And it was, for the deputy sheriff loved the earth, both the idea and the thing itself. He loved the bigness of it. He loved the strength and permanence of it, but also the gentle curve of its horizon when it reached achingly for the setting sun. He loved its centrality and importance in the universe, neither of which was diminished by scientific models of this and that revolving around the other thing. He loved the soft blue sweetness of its breath. He loved the cool, moist soil, and when he came home from work each day he went straight to his garden and thrust his arms into the earth, cleansing himself of the rot and stench of humanity’s crimes against itself. He loved the taste of the earth, too, not just its fruits but its dark and gritty flesh. The vegetables from his garden he ate unwashed, for to wash off the soil, he thought, was like washing away the dewy traces of love. And gardening, after all, was an act of love.
He loved the earth, which is why he took the trespasses of aliens personally. Their very existence threatened the earth’s central position in the universe. Aliens demeaned her. And now, recently, they’d come calling, charming the earth with their bright little saucers and their babyfaces (he’d seen the video exposé), seducing her with technological panache, and threatening, in the end, to make of her a private satellite, just one more concubine in their orbiting harem. Others told him he was overreacting, that the evidence suggested the aliens intended only to study the earth. But those who did not love the earth could not be counted on to protect her. The evidence, he countered, suggested a long, lustful leer at the earth. Look at the shameful way they’d treated the abductees! Notice the suspicious nakedness of the little corpses pulled from downed saucers! No, the aliens’ intentions were far from honorable. (And the apologists were quiet then. They knew; in their hearts they knew.)
Some joined the cause once they learned of the reckless collaboration between government and science. The deputy sheriff wouldn’t have believed it himself if the security guard hadn’t brought him into the lab one night.
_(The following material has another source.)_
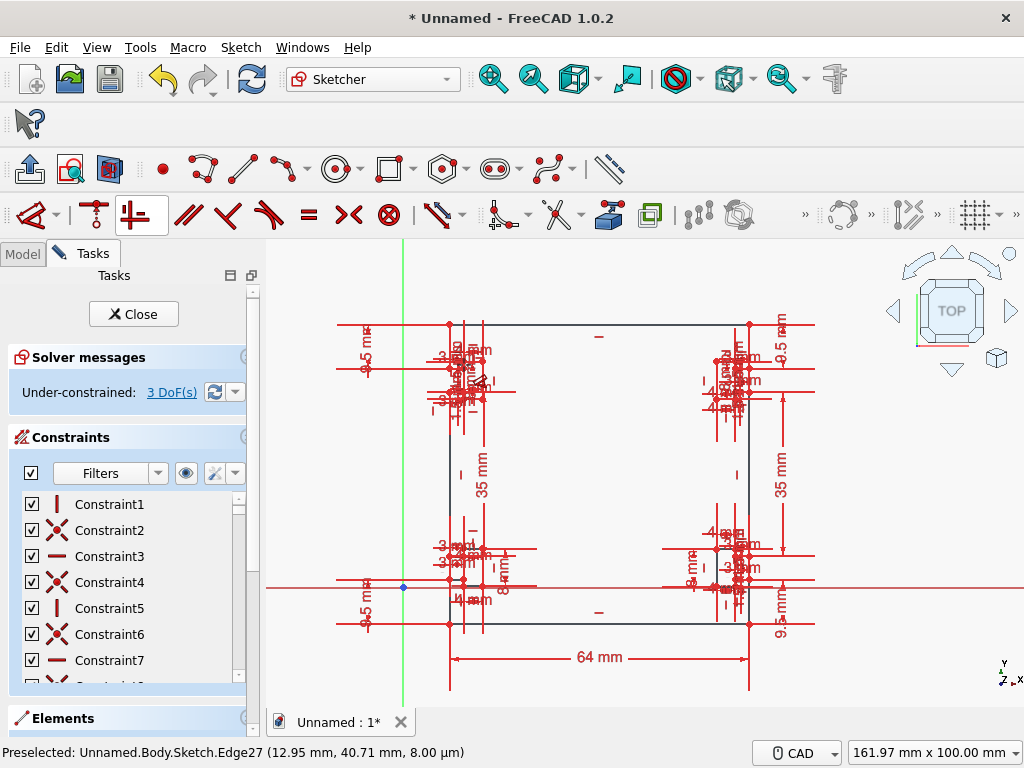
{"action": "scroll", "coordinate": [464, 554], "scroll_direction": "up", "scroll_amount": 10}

They stepped quietly into the back room, where the guard raised his finger and cocked his thumb at the prophetic image entangled on the gurney before them: a living alien resting cozily in the arms of a bare-chested scientist. He touched his holstered gun—but no, he reasoned, there is a better way. The aliens must be shown what they’re up against. A crowd of angry humans must be assembled, and their fire and rage and collective strength must fill the viewscreens of every alien saucer and space station and planetary outpost until the message is loud and clear: we won’t let her go without a fight.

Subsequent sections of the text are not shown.